A/B test reliability calculator
Calculate sample size
This calculator will help you determine how many people you’ll need for a reliable result. Use it when testing open rates, click rates, conversion rates, and more.
number of people
Current baseline — this is the current average value of the metric (e.g conversion rate) that you’re looking to improve. You can calculate this using data you’ve previously collected.
Expected uplift — this is the minimum growth that you’d like to achieve in the metric that you’re testing. For example, you may want your current baseline conversion to increase by 3%. If your expected uplift is too low (e.g. 0.1%), you’ll need a lot more people for your test. If this value is too high (e.g. 15%) and your actual uplift turns out to be lower, this will mean that the test didn’t result in the growth desired and the results are not statistically significant.

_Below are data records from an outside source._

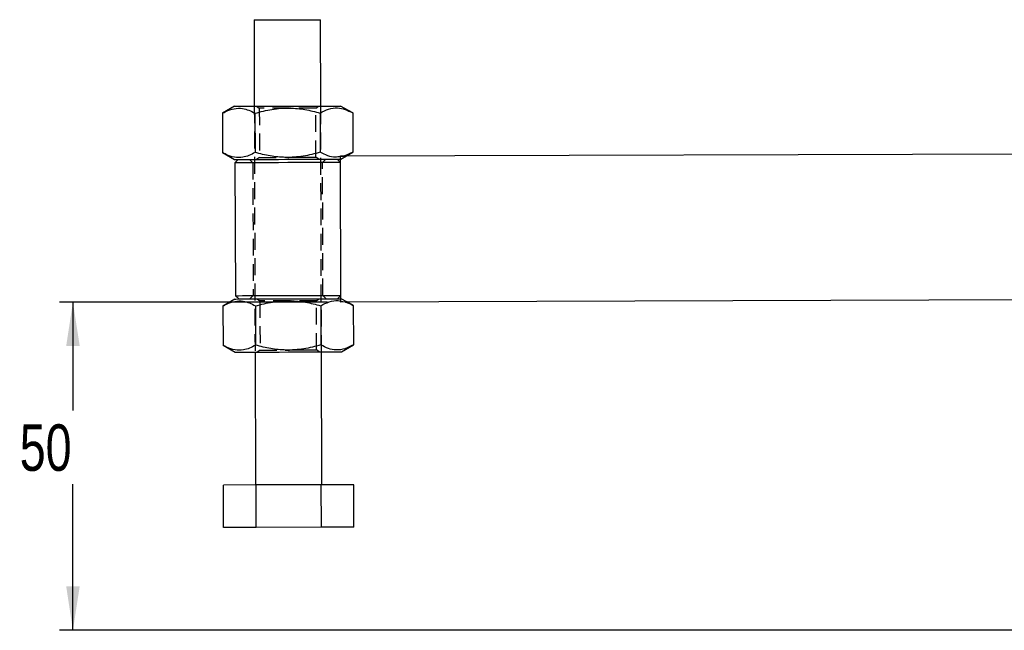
# Model space of a CAD drawing. Extents: x 81 to 742, y 47 to 575.
# Tile 13 of 21: x 151 to 299, y 232 to 324. Entities that reach past the tile are written whole.
import ezdxf

# ---------------------------------------------------------------- set-up
doc = ezdxf.new("R2010")
doc.units = 0
doc.header["$LTSCALE"] = 2
doc.linetypes.add('HIDDEN', pattern=[1.905, 1.27, -0.635])
doc.layers.get('0').update_dxf_attribs({"linetype": 'CONTINUOUS'})
doc.styles.add('SLDTEXTSTYLE0', font='TXT', dxfattribs={"width": 0.75})
doc.dimstyles.new('SLDDIMSTYLE1', dxfattribs={"dimtxt": 7, "dimasz": 6.604, "dimexe": 0, "dimexo": 0.0625, "dimgap": 1.75, "dimtad": 0, "dimtih": 1, "dimtoh": 1, "dimdec": 0, "dimrnd": 1e-09, "dimzin": 12, "dimtxsty": 'SLDTEXTSTYLE0', "dimsah": 1, "dimcen": 0.09, "dimazin": 3, "dimtfac": 1, "dimtofl": 0, "dimtmove": 0, "dimatfit": 3, "dimtolj": 1, "dimtzin": 12})

# ---------------------------------------------------------------- blocks, each defined once
blk = doc.blocks.new('_D_1')
at = {"color": 179, "linetype": 'CONTINUOUS'}
for p, q in [((197.49, 281.75), (157.15, 281.75)), ((159.15, 281.75), (159.15, 265.42)), ((159.15, 232.34), (159.15, 254.31)), ((342.45, 232.34), (157.15, 232.34))]:
    blk.add_line(p, q, dxfattribs=at)
for points in [[(159.15, 281.75), (158.14, 275.15), (160.17, 275.15)], [(159.15, 232.34), (160.17, 238.94), (158.14, 238.94)]]:
    blk.add_solid(points, dxfattribs=at)
at = {"color": 179, "linetype": 'CONTINUOUS', "insert": (151.14, 263.34, 0.1), "char_height": 7, "attachment_point": 1, "style": 'SLDTEXTSTYLE0'}
blk.add_mtext('50', dxfattribs=at)

msp = doc.modelspace()

# ---------------------------------------------------------------- linework, layer by layer
at = {"color": 7, "linetype": 'CONTINUOUS'}
for p, q in [((186.420188, 324.21086), (186.45981, 311.21092)), ((196.459771, 311.241405), (196.420133, 324.241344)), ((183.459834, 311.201774), (181.648076, 310.148382)), ((181.648076, 310.148382), (181.666077, 304.244139)), ((186.555535, 310.163342), (186.573536, 304.259099)), ((196.370438, 310.193264), (196.388439, 304.28902)), ((201.277897, 310.208224), (199.459747, 311.250551)), ((201.277897, 310.208224), (201.295898, 304.30398)), ((181.666077, 304.244139), (183.484212, 303.201812)), ((199.420125, 303.750395), (343.001482, 304.188105)), ((201.295898, 304.30398), (200.077385, 303.752398)), ((200.348631, 303.753225), (201.295898, 304.30398)), ((184.046716, 303.203527), (183.548242, 302.702004)), ((183.548242, 302.702004), (183.609203, 282.702098)), ((199.423165, 302.7504), (198.921651, 303.248873)), ((199.48718, 281.750497), (199.420125, 303.750395)), ((183.548227, 282.201909), (181.736485, 281.148517)), ((183.609203, 282.702098), (184.110731, 282.203624)), ((198.985666, 282.248971), (199.48414, 282.750493)), ((328.452774, 282.14365), (199.48718, 281.750497)), ((201.366306, 281.208359), (200.415701, 281.753328)), ((181.736485, 281.148517), (181.754485, 275.244273)), ((186.643944, 281.163478), (186.661929, 275.259234)), ((196.458847, 281.193398), (196.476847, 275.289155)), ((201.366306, 281.208359), (201.384306, 275.304114)), ((181.754485, 275.244273), (183.572621, 274.201946)), ((199.572549, 274.250723), (201.384306, 275.304114)), ((186.572612, 274.211092), (186.633572, 254.211183)), ((196.633533, 254.241671), (196.572557, 274.241578)), ((186.726094, 254.211467), (181.81865, 254.196506)), ((181.838155, 247.796535), (181.81865, 254.196506)), ((196.541012, 254.241388), (186.726094, 254.211467)), ((186.745614, 247.811496), (186.726094, 254.211467)), ((201.448471, 254.256349), (196.541012, 254.241388)), ((196.560517, 247.841418), (196.541012, 254.241388)), ((201.467976, 247.856378), (201.448471, 254.256349)), ((186.745614, 247.811496), (181.838155, 247.796535)), ((196.560517, 247.841418), (186.745614, 247.811496)), ((201.467976, 247.856378), (196.560517, 247.841418))]:
    msp.add_line(p, q, dxfattribs=at)
at = {"color": 7, "linetype": 'HIDDEN'}
for p, q in [((186.45981, 311.21092), (186.572612, 274.211092)), ((186.786548, 311.211916), (187.210709, 310.916837)), ((187.210709, 310.916837), (187.233299, 303.509613)), ((195.710674, 310.942749), (196.133033, 311.240409)), ((195.73325, 303.535526), (195.710674, 310.942749)), ((196.572557, 274.241578), (196.459771, 311.241405)), ((185.734198, 303.208671), (186.235726, 302.710197)), ((186.235726, 302.710197), (186.296702, 282.71029)), ((187.233299, 303.509613), (186.810941, 303.211953)), ((196.157411, 303.240446), (195.73325, 303.535526)), ((196.73568, 302.742207), (197.234154, 303.243729)), ((196.796641, 282.7423), (196.73568, 302.742207)), ((199.421645, 303.250397), (199.48414, 303.250588)), ((199.48414, 303.250588), (200.348631, 303.753225)), ((186.296702, 282.71029), (185.798228, 282.208769)), ((186.874956, 282.21205), (187.299118, 281.916972)), ((187.299118, 281.916972), (187.321708, 274.509748)), ((195.799083, 281.942884), (196.221441, 282.240543)), ((195.821658, 274.53566), (195.799083, 281.942884)), ((197.29817, 282.243826), (196.796641, 282.7423)), ((199.48566, 282.250495), (199.548155, 282.250685)), ((199.486792, 281.878231), (200.133115, 281.752466)), ((200.415701, 281.753328), (199.548155, 282.250685)), ((187.321708, 274.509748), (186.899349, 274.212088)), ((196.24582, 274.240581), (195.821658, 274.53566))]:
    msp.add_line(p, q, dxfattribs=at)
at = {"color": 7, "linetype": 'CONTINUOUS', "flags": 128}
for points in [[(186.420188, 324.21086), (186.476022, 324.211029), (186.76582, 324.211914), (187.288985, 324.213508), (188.019306, 324.215734), (188.92017, 324.218482), (189.946384, 324.221609), (191.046507, 324.224964), (192.165375, 324.228374), (193.246857, 324.231671), (194.236741, 324.234689), (195.085407, 324.237276), (195.750267, 324.239302), (196.198002, 324.240668), (196.406156, 324.241303), (196.420133, 324.241344)], [(183.459834, 311.201774), (183.581368, 311.202145), (183.942289, 311.203245), (184.531615, 311.205042), (185.331464, 311.207481), (186.317519, 311.210486), (187.459812, 311.213968), (188.723639, 311.217821), (190.070615, 311.221927), (191.45979, 311.226163), (192.848966, 311.230398), (194.195941, 311.234504), (195.459769, 311.238357), (196.602062, 311.241839), (197.588116, 311.244845), (198.387966, 311.247283), (198.977292, 311.24908), (199.338213, 311.25018), (199.459747, 311.250551), (199.459747, 311.250551)], [(183.484212, 303.201812), (183.605746, 303.202182), (183.966667, 303.203283), (184.556008, 303.205079), (185.355857, 303.207517), (186.341897, 303.210523), (187.48419, 303.214006), (188.748032, 303.217858), (190.094993, 303.221965), (191.484183, 303.2262), (192.873359, 303.230435), (194.22032, 303.234541), (195.484162, 303.238394), (196.626455, 303.241876), (197.61251, 303.244882), (198.412344, 303.24732), (199.001685, 303.249117), (199.362606, 303.250217), (199.421645, 303.250397)], [(191.485703, 302.726202), (190.107376, 302.722), (188.770935, 302.717926), (187.516973, 302.714103), (186.383605, 302.710648), (185.405255, 302.707666), (184.611664, 302.705246), (184.026927, 302.703464), (183.668822, 302.702372), (183.548242, 302.702004)], [(199.423165, 302.7504), (199.302584, 302.750032), (198.94448, 302.74894), (198.359743, 302.747158), (197.566152, 302.744739), (196.587801, 302.741756), (195.454434, 302.738301), (194.200471, 302.734478), (192.864031, 302.730404), (191.485703, 302.726202)], [(183.548227, 282.201909), (183.669776, 282.20228), (184.030697, 282.20338), (184.620023, 282.205176), (185.419873, 282.207615), (186.405927, 282.210621), (187.548221, 282.214103), (188.812048, 282.217956), (190.159023, 282.222062), (191.548199, 282.226297), (192.937375, 282.230533), (194.28435, 282.234639), (195.548177, 282.238492), (196.69047, 282.241974), (197.676525, 282.244979), (198.476375, 282.247418), (199.065701, 282.249215), (199.426622, 282.250315), (199.48566, 282.250495)], [(183.609203, 282.702098), (183.729798, 282.702465), (184.087903, 282.703557), (184.672624, 282.705339), (185.46623, 282.707759), (186.444566, 282.710741), (187.577948, 282.714196), (188.831896, 282.718019), (190.168351, 282.722093), (191.546679, 282.726295)], [(191.546679, 282.726295), (192.924992, 282.730497), (194.261447, 282.734571), (195.515409, 282.738394), (196.648777, 282.741849), (197.627128, 282.744831), (198.420719, 282.747251), (199.005455, 282.749033), (199.363545, 282.750125), (199.48414, 282.750493)], [(183.572621, 274.201946), (183.694154, 274.202317), (184.055075, 274.203418), (184.644416, 274.205213), (185.444251, 274.207651), (186.430306, 274.210658), (187.572599, 274.214141), (188.836441, 274.217993), (190.183401, 274.2221), (191.572592, 274.226334), (192.961768, 274.230569), (194.308728, 274.234677), (195.57257, 274.238529), (196.714864, 274.242012), (197.700918, 274.245016), (198.500753, 274.247454), (199.090094, 274.249252), (199.451015, 274.250353), (199.572549, 274.250723), (199.572549, 274.250723)]]:
    msp.add_lwpolyline(points, dxfattribs=at)
at = {"color": 7, "linetype": 'HIDDEN', "flags": 128}
for points in [[(191.757635, 310.930698), (191.631824, 310.930314), (190.610588, 310.927202), (189.638764, 310.924239), (188.772813, 310.921599), (188.063071, 310.919436), (187.550798, 310.917874), (187.265754, 310.917005), (187.210709, 310.916837)], [(195.710674, 310.942749), (195.696891, 310.942707), (195.491955, 310.942083), (195.052728, 310.940743), (194.404751, 310.938768), (193.585679, 310.936271), (192.643106, 310.933398), (191.850841, 310.930982)], [(187.233299, 303.509613), (187.288329, 303.509781), (187.573374, 303.51065), (188.085661, 303.512212), (188.795388, 303.514375), (189.661339, 303.517015), (190.633163, 303.519978), (191.098422, 303.521396)], [(191.188619, 303.521671), (191.654399, 303.523091), (192.665697, 303.526174), (193.608269, 303.529047)], [(193.608269, 303.529047), (194.427342, 303.531544), (195.075319, 303.533519), (195.51453, 303.534859), (195.719481, 303.535483), (195.73325, 303.535526)], [(191.846043, 281.930833), (191.720233, 281.930449), (190.698997, 281.927336), (189.727173, 281.924373), (188.861221, 281.921734), (188.151479, 281.91957), (187.639207, 281.918009), (187.354163, 281.91714), (187.299118, 281.916972)], [(195.799083, 281.942884), (195.785299, 281.942842), (195.580364, 281.942217), (195.141137, 281.940878), (194.49316, 281.938903), (193.674088, 281.936406), (192.731515, 281.933533), (191.93925, 281.931117)], [(187.321708, 274.509748), (187.376738, 274.509916), (187.661782, 274.510784), (188.174069, 274.512347), (188.883797, 274.514509), (189.749748, 274.51715), (190.721572, 274.520112), (191.186831, 274.521531)], [(191.277028, 274.521805), (191.742808, 274.523226), (192.754105, 274.526309), (193.696678, 274.529181)], [(193.696678, 274.529181), (194.51575, 274.531679), (195.163727, 274.533653), (195.602939, 274.534993), (195.807875, 274.535619), (195.821658, 274.53566)]]:
    msp.add_lwpolyline(points, dxfattribs=at)
at = {"color": 7, "linetype": 'CONTINUOUS'}
for points, knots in [([(181.648076, 310.148382), (181.825851, 310.246657), (182.40548, 310.567077), (183.423232, 310.921476), (184.587018, 310.938124), (185.638172, 310.646969), (186.248629, 310.325141), (186.555535, 310.163342)], [0, 0, 0, 0, 0.1112578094, 0.3627508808, 0.6203152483, 0.8091142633, 1, 1, 1, 1]), ([(186.555535, 310.163342), (187.406732, 310.385216), (189.127582, 310.833775), (191.678758, 311.003727), (194.118709, 310.773123), (195.615291, 310.387727), (196.370438, 310.193264)], [0, 0, 0, 0, 0.2646051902, 0.534947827, 0.7653435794, 1, 1, 1, 1]), ([(196.370438, 310.193264), (196.795702, 310.413839), (197.655452, 310.859772), (198.930798, 311.025835), (200.151124, 310.791512), (200.900018, 310.403837), (201.277897, 310.208224)], [0, 0, 0, 0, 0.2646049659, 0.5349477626, 0.765342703, 1, 1, 1, 1]), ([(186.573536, 304.259099), (186.270723, 304.096962), (185.662289, 303.771184), (184.623546, 303.475395), (183.456792, 303.479612), (182.436326, 303.824459), (181.844448, 304.146951), (181.666077, 304.244139)], [0, 0, 0, 0, 0.18896474, 0.379682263, 0.6308201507, 0.8887423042, 1, 1, 1, 1]), ([(196.388439, 304.28902), (195.537242, 304.067146), (193.816391, 303.618588), (191.265215, 303.448636), (188.825265, 303.679239), (187.328682, 304.064635), (186.573536, 304.259099)], [0, 0, 0, 0, 0.264605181, 0.5349478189, 0.7653435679, 1, 1, 1, 1]), ([(199.420453, 303.64269), (199.170479, 303.59451), (198.539442, 303.472884), (197.514681, 303.716611), (196.766139, 304.097055), (196.388439, 304.28902)], [0, 0, 0, 0, 0.2452775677, 0.6191813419, 1, 1, 1, 1]), ([(181.736485, 281.148517), (181.91426, 281.246792), (182.493888, 281.567212), (183.511641, 281.921611), (184.675427, 281.938259), (185.726581, 281.647103), (186.337038, 281.325276), (186.643944, 281.163478)], [0, 0, 0, 0, 0.1112578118, 0.3627508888, 0.620315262, 0.8091142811, 1, 1, 1, 1]), ([(186.643944, 281.163478), (187.495136, 281.385351), (189.215986, 281.833911), (191.767162, 282.003862), (194.207118, 281.773259), (195.7037, 281.387862), (196.458847, 281.193398)], [0, 0, 0, 0, 0.2646036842, 0.5349478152, 0.7653435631, 1, 1, 1, 1]), ([(196.458847, 281.193398), (196.883846, 281.408634), (197.743061, 281.843773), (198.772751, 282.040404), (199.35291, 281.908638), (199.486792, 281.878231)], [0, 0, 0, 0, 0.4295185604, 0.8683510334, 1, 1, 1, 1]), ([(200.133115, 281.752466), (200.164387, 281.746686), (200.583684, 281.669178), (200.990152, 281.429843), (201.366306, 281.208359)], [0, 0, 0, 0, 0.07458076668, 1, 1, 1, 1]), ([(186.661929, 275.259234), (186.359124, 275.097097), (185.750703, 274.771319), (184.711931, 274.47553), (183.545212, 274.479749), (182.524712, 274.824592), (181.93285, 275.147086), (181.754485, 275.244273)], [0, 0, 0, 0, 0.1889641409, 0.3796825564, 0.6308198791, 0.8887429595, 1, 1, 1, 1]), ([(196.476847, 275.289155), (195.62565, 275.067281), (193.9048, 274.618722), (191.353624, 274.44877), (188.913669, 274.679375), (187.417081, 275.06477), (186.661929, 275.259234)], [0, 0, 0, 0, 0.264604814, 0.5349470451, 0.7653424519, 1, 1, 1, 1]), ([(201.384306, 275.304114), (200.959042, 275.08354), (200.099291, 274.637607), (198.823951, 274.471545), (197.603601, 274.705866), (196.854719, 275.093542), (196.476847, 275.289155)], [0, 0, 0, 0, 0.26460488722, 0.53494770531, 0.76534341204, 1, 1, 1, 1])]:
    msp.add_open_spline(points, degree=3, knots=knots, dxfattribs=at)
at = {"color": 7, "linetype": 'HIDDEN'}
msp.add_open_spline([(200.077385, 303.752398), (200.055735, 303.742242), (199.841576, 303.641777), (199.619804, 303.642258), (199.420453, 303.64269)], degree=3, knots=[0, 0, 0, 0, 0.1010944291, 1, 1, 1, 1], dxfattribs=at)

# ---------------------------------------------------------------- dimensions: what is measured, and where the dimension line sits
at = {"color": 179, "linetype": 'CONTINUOUS'}
dim = msp.add_linear_dim(base=(159.151524, 281.750497), p1=(344.452773, 232.336613), p2=(199.487184, 281.750497), angle=90, dimstyle='SLDDIMSTYLE1', dxfattribs=at)
dim.commit()
dim.dimension.update_dxf_attribs({"geometry": '_D_1', "text_midpoint": (159.151524, 259.868689), "dimtype": 160})

doc.saveas('drawing.dxf')

Significance level — also known as ’confidence level’. This is how certain you can be that the test results are valid if there is a difference between the variants.
Statistical power — this is the level of certainty you can have about the test results being valid if there is no difference between variables. If you’re not sure about this step, keep the default value.
Sample size — this will show you how many people need to be exposed to each variant to make the test results reliable. This will also help you determine the best timing for the test (i.e., help you ensure you don’t end the test too early or too late).
For example: one of your trigger chains sends out 100 emails per day. The calculator determined that in order to run an experiement on two variants, you’ll need a sample size of 500 people per variant. This means you’ll need to send out a total of 1000 emails over 10 days.
This will help you understand which variant showed the best results and whether the difference between them can be considered statistically significant.
Conversion — the conversion rate for each group when the reliability score is 100%.
Confidence interval — this is the conversion according to the reliability score you entered. The reliability score is 95% by default, so this means that the conversion is 95% likely to be within the confidence interval range.
Reliability — this is how likely the test results are to be correct.
Group A outperformed group B — this means that the sample size and difference in conversion are statistically significant. These test results are reliable.
There is no statistically significant difference between groups A and B — the differences in conversion are likely down to chance. This could also be because the sample size is too small to get a statistically significant result. One reason for this may be that the test was ended too soon.
In order to determine how many people you’ll need for your test, use the Sample Size calculator above.